Men have been shamed into partaking in the pregnancy production: “We are pregnant.” “We are having a baby.” “I can’t close on that million-dollar deal now; “we’re due today,” they all chant obediently.
“And I can’t play the Super Bowel if my girlfriend gives birth on the day” is what Richard Sherman, the Seattle Seahawks’ cornerback, is expected to announce. Yes, with 30 million or more on the line, the man is expected to drop the ball and rush to the delivery room if his girlfriend drops a baby on Sunday.
Excuse me while a puke.
Coach Pete Carroll, who will have a baby himself if Sherman deserts the field, is too afraid to say anything insensitive lest some Enforcer gets on his case and he is forced to resign.
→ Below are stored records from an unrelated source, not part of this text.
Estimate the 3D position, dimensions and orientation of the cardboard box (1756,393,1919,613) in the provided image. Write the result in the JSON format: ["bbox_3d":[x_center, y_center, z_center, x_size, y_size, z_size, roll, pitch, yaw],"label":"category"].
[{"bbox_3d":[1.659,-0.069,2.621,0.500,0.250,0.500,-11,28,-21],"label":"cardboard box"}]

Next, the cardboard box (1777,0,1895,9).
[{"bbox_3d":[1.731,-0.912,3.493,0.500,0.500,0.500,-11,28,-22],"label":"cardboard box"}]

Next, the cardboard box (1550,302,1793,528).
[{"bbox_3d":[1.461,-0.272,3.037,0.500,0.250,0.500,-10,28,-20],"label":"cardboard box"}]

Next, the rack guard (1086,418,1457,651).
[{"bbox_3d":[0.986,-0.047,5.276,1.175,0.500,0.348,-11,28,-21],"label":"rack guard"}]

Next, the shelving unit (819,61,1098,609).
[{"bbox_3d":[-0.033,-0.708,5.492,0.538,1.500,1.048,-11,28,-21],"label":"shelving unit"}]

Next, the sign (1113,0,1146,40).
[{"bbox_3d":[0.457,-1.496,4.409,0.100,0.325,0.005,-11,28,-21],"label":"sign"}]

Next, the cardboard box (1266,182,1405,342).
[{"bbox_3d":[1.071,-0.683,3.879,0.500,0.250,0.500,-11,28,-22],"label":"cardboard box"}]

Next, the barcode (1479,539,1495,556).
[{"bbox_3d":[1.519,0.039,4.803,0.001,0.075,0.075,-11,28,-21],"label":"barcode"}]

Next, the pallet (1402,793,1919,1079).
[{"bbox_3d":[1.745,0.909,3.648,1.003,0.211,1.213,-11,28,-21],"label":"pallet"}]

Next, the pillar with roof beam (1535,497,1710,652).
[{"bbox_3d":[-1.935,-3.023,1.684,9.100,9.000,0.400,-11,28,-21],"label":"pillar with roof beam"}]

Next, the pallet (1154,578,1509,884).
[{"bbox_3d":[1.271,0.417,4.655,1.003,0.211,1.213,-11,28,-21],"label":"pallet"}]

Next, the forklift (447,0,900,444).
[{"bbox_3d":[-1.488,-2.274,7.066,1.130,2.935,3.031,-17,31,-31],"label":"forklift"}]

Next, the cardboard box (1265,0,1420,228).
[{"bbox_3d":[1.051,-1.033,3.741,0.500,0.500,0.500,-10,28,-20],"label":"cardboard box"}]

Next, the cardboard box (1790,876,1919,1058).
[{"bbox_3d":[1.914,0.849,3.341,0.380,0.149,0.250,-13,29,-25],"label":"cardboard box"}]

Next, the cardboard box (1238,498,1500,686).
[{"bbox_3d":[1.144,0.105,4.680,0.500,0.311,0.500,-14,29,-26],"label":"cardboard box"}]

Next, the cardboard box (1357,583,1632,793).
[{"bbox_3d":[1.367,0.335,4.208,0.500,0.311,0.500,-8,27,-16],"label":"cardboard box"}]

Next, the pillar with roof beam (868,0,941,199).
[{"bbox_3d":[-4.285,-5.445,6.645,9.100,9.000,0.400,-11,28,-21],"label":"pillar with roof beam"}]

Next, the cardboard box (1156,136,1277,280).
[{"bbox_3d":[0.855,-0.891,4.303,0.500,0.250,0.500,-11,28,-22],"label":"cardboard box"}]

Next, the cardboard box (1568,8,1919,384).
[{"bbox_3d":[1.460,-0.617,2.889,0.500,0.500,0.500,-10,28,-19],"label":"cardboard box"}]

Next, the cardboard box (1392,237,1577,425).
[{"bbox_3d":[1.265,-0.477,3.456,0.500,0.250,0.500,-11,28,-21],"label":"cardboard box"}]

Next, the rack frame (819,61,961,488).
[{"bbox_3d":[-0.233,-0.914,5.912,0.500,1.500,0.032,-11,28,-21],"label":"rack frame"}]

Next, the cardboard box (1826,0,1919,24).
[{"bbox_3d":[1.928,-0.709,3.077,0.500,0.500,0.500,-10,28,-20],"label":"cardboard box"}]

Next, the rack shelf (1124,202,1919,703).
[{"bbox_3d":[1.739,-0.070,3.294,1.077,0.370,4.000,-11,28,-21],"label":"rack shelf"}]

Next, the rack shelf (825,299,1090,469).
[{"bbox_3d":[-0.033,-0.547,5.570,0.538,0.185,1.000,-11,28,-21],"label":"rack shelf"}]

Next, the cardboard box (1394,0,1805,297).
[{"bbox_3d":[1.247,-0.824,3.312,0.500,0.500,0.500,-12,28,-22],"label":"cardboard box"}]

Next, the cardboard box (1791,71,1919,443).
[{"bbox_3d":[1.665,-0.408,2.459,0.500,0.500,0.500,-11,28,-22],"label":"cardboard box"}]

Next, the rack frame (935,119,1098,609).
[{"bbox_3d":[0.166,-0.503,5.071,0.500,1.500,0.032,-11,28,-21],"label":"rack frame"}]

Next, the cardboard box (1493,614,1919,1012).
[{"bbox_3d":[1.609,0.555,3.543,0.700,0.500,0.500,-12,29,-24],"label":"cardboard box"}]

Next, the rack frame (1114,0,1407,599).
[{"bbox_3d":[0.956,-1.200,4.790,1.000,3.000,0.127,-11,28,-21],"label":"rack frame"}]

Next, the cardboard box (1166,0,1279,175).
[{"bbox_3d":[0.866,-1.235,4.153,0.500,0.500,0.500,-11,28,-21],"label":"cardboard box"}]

Carroll said that if Sherman's girlfriend went into labor before SB, "that's up to Richard." Says Seahawks are "always about family first."
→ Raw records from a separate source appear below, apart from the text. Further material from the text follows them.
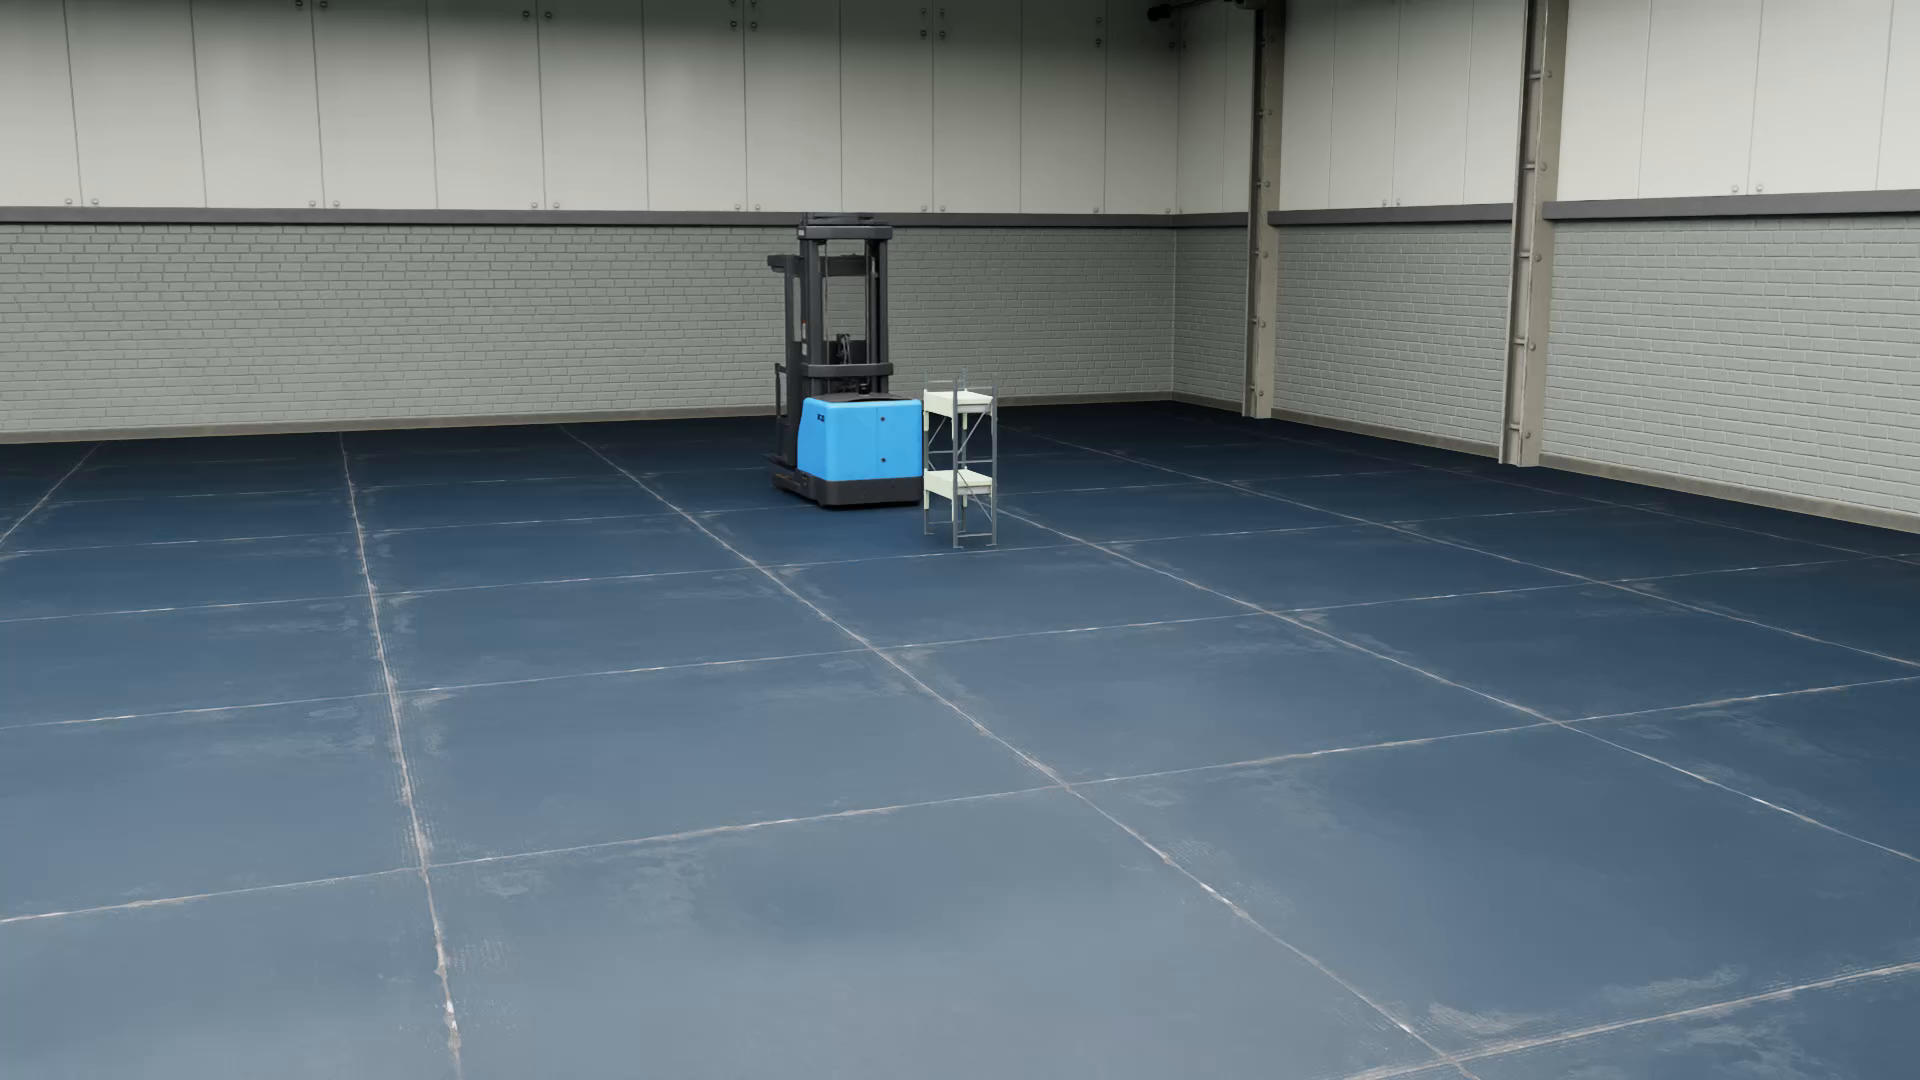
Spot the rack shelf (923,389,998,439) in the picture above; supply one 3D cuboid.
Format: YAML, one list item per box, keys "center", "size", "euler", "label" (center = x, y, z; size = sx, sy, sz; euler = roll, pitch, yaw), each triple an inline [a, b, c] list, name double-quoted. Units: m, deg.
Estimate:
- center: [-0.002, -1.124, 14.727]
  size: [0.431, 0.370, 0.720]
  euler: [-4, 11, -21]
  label: "rack shelf"

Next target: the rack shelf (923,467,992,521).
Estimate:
- center: [-0.002, -0.419, 14.852]
  size: [0.431, 0.370, 0.720]
  euler: [-4, 11, -21]
  label: "rack shelf"

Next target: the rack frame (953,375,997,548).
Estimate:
- center: [0.130, -0.680, 14.459]
  size: [0.400, 1.500, 0.023]
  euler: [-4, 11, -21]
  label: "rack frame"

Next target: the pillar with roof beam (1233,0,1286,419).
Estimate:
- center: [0.556, -6.048, 23.227]
  size: [9.100, 9.000, 0.548]
  euler: [-4, 11, -21]
  label: "pillar with roof beam"

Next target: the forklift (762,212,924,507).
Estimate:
- center: [-1.395, -1.990, 17.740]
  size: [1.130, 2.935, 3.031]
  euler: [-4, 11, -22]
  label: "forklift"

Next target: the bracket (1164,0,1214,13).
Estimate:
- center: [3.443, -8.429, 26.334]
  size: [0.076, 0.066, 3.189]
  euler: [-4, 11, -21]
  label: "bracket"

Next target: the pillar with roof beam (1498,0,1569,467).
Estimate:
- center: [2.731, -5.069, 17.721]
  size: [9.100, 9.000, 0.400]
  euler: [-4, 11, -21]
  label: "pillar with roof beam"

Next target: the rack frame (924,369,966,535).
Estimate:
- center: [-0.135, -0.799, 15.131]
  size: [0.400, 1.500, 0.023]
  euler: [-4, 11, -21]
  label: "rack frame"

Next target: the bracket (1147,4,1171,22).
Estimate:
- center: [3.229, -8.526, 26.876]
  size: [0.235, 0.232, 0.430]
  euler: [-4, 11, -21]
  label: "bracket"

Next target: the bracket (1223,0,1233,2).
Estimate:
- center: [4.087, -8.139, 24.701]
  size: [0.235, 0.232, 0.430]
  euler: [-4, 11, -21]
  label: "bracket"

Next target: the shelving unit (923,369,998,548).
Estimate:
- center: [-0.002, -0.739, 14.795]
  size: [0.431, 1.500, 0.755]
  euler: [-4, 11, -21]
  label: "shelving unit"

— John Boyle (@johnpboyle) January 30, 2015
Sherman is one of the best players expected to play in Super Bowl XLIX. His ability to virtually shut down an entire side of the field causes major game-planning obstacles for opponents. That’s especially true for a team like the New England Patriots, which relies heavily on the passing game to move the ball.
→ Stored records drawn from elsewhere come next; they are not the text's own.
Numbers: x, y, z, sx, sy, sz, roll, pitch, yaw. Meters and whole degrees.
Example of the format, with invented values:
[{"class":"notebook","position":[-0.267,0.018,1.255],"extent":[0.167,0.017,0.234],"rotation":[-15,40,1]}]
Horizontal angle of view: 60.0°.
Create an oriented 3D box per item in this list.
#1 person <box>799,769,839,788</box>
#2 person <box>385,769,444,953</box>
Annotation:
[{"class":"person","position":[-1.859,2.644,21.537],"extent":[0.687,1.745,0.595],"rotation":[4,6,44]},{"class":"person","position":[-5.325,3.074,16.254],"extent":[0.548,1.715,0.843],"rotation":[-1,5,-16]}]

You and I know that Sherman, 26—who, I dare I say? will have many more girlfriends in the future—wants to PLAY come Sunday, no matter what.
Anyhow, the New England Patriots are going DOWN.
In the battle with the Boston Brahmins of the Northeast; the team furthest away from Rome must win Super Bowl XLIX. How else can I get worked up, if I don’t cast this weird game as a battle between those close to Rome and those far away from it?
Go Seahawks. Go Sherman!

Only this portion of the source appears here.